## Problem to solve
Stop after the line holding "Quick response, please. Minnesota.". Repeat exactly every line before it in the records below, that line too, and leave out the pictures.

## Stored data entries
[Start of Attachment]

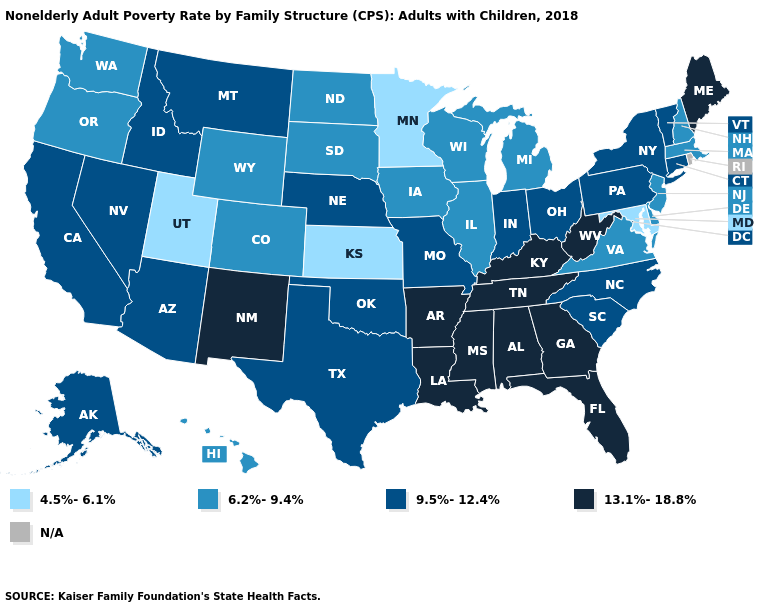Among the states that border Wisconsin , which have the lowest value?
Quick response, please. Minnesota. Name the states that have a value in the range 13.1%-18.8%?
Keep it brief. Alabama, Arkansas, Florida, Georgia, Kentucky, Louisiana, Maine, Mississippi, New Mexico, Tennessee, West Virginia. Among the states that border Nevada , does Oregon have the lowest value?
Be succinct. No. Which states have the lowest value in the USA?
Be succinct. Kansas, Maryland, Minnesota, Utah. Does Pennsylvania have the lowest value in the Northeast?
Short answer required. No. Among the states that border Colorado , does New Mexico have the highest value?
Quick response, please. Yes. What is the lowest value in the USA?
Write a very short answer. 4.5%-6.1%. Among the states that border Illinois , does Wisconsin have the lowest value?
Quick response, please. Yes. Which states have the lowest value in the MidWest?
Keep it brief. Kansas, Minnesota. Among the states that border Georgia , does Florida have the highest value?
Keep it brief. Yes. What is the highest value in the USA?
Concise answer only. 13.1%-18.8%. What is the highest value in the USA?
Quick response, please. 13.1%-18.8%. What is the highest value in the South ?
Short answer required. 13.1%-18.8%. 
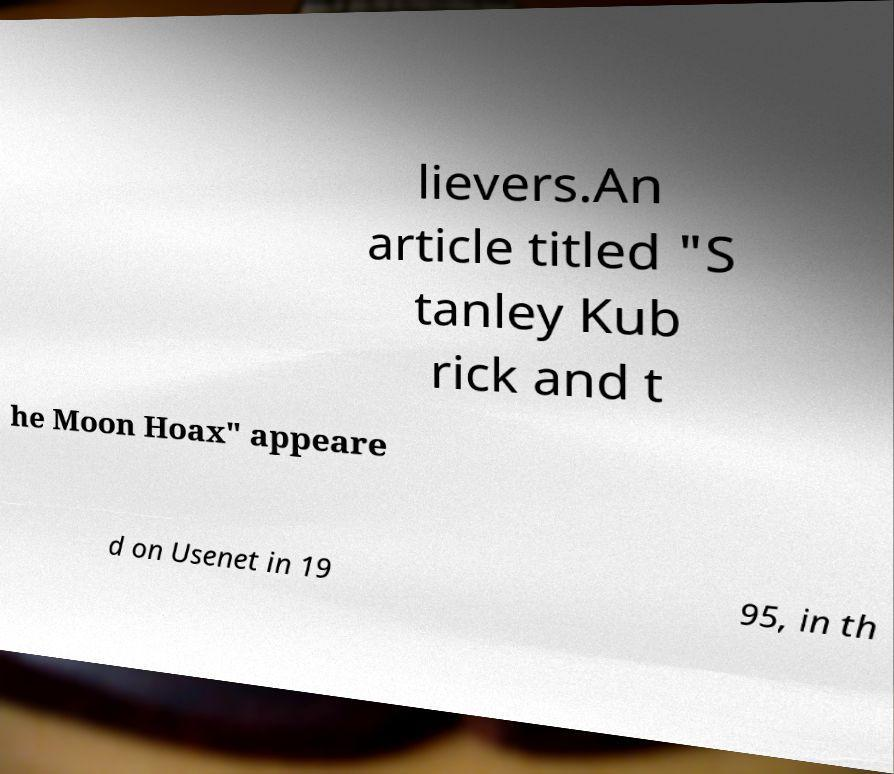Could you assist in decoding the text presented in this image and type it out clearly? lievers.An article titled "S tanley Kub rick and t he Moon Hoax" appeare d on Usenet in 19 95, in th

[End of Attachment]

## Result of this exercise
Among the states that border Wisconsin , which have the lowest value?
Quick response, please. Minnesota. Name the states that have a value in the range 13.1%-18.8%?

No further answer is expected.